As old as this algorithm may be, it's still relevant/useful in many practical applications. It's crazy to think that these small examples on here scale to gigantic data sets, especially as each PageRank gets updated.

mikescoffield · on May 2, 2013

This is pretty cool. I'm playing around w/ different backlink structures. It seems if you link back to a tier 1 link, it will boost your PR. Is this true in practice?

bflbfl · on May 3, 2013

Hey Mike - can you give me some details on the examples you're playing with? If I get around to it, I was going to see about including some canned examples to maybe show/disprove how things like that work (at least with this version particular of the algorithm). The inclusion of the dangling nodes matrix and that extra all-ones one can make it trickier to predict what will happen.

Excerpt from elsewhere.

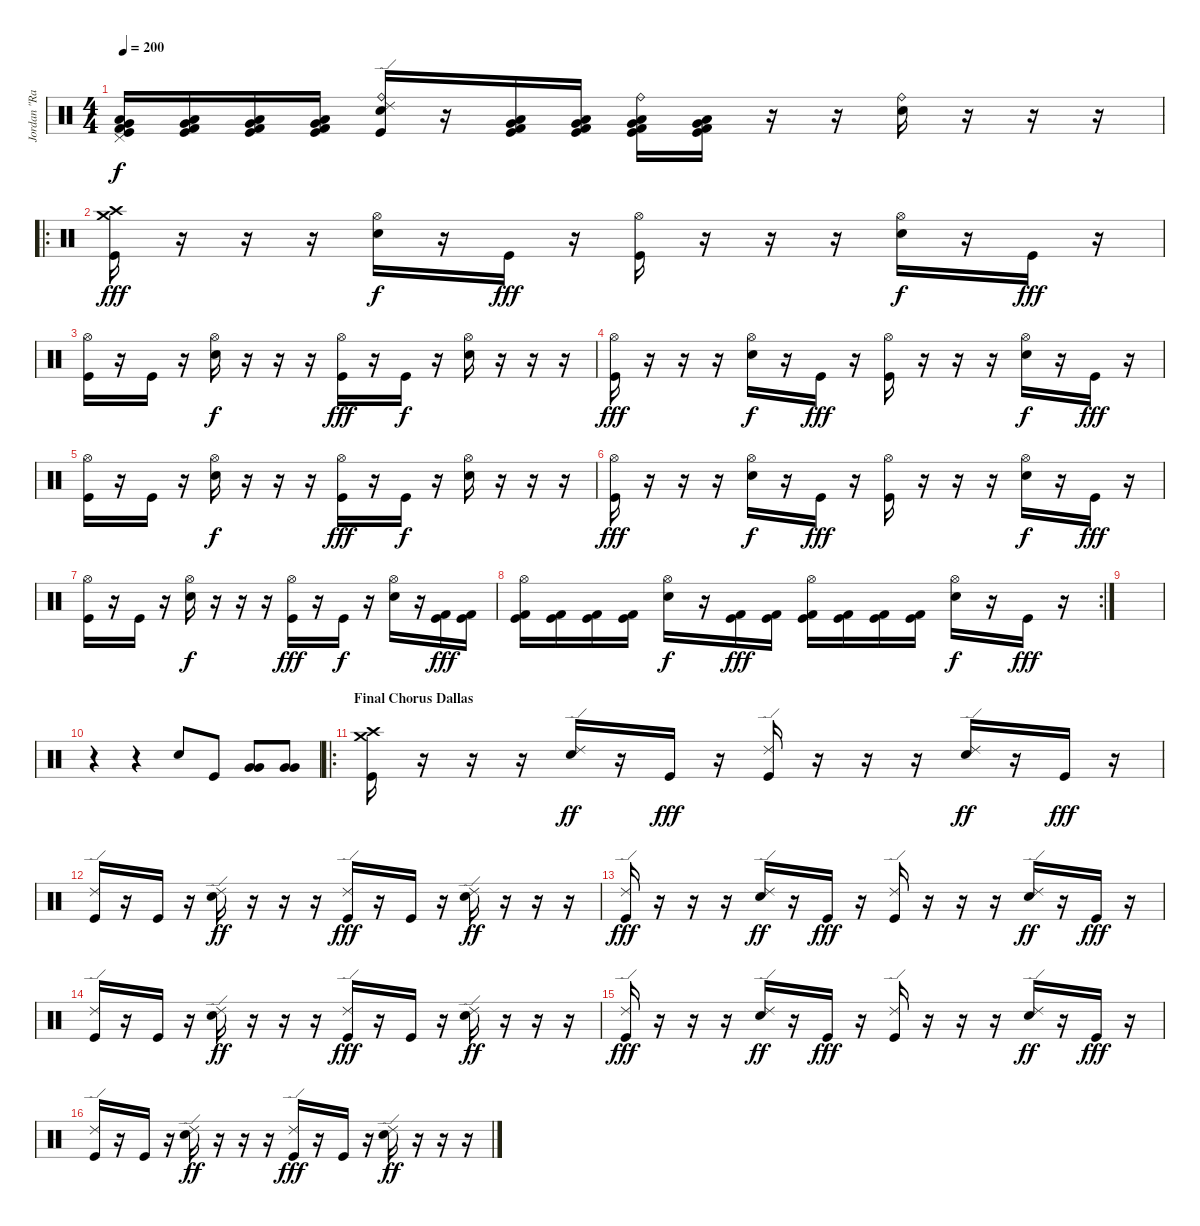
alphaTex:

mikescoffield · on May 6, 2013

I built a basic pyramid and then tinkered w/ variations from that.

bflbfl · on May 7, 2013

Thanks Mike. I've been playing with small networks as well (partly to confirm things working correctly) - wrote up a few notes on one little one with slightly counter-intuitive behavior - http://www.nowherenearithaca.com/2013/05/google-pagerank-eva...

mikescoffield · on May 7, 2013

That's interesting!

Sadly, it does remind me of how much math/engineering I've forgotten since I graduated.

Are you still a student?

bflbfl · on May 10, 2013

Hi Mike

thanks for taking a look at that. Linear algebra/eigenvector/eigenvalue stuff is useful and usually fairly (re-)approachable.

I am a student of interesting things :)

ari_elle · on May 2, 2013

Try deleting all the Nodes with DEL

When deleting the last one it crashes (tested in FF and Chrome)

bflbfl · on May 7, 2013

thx - think I fixed that the other day.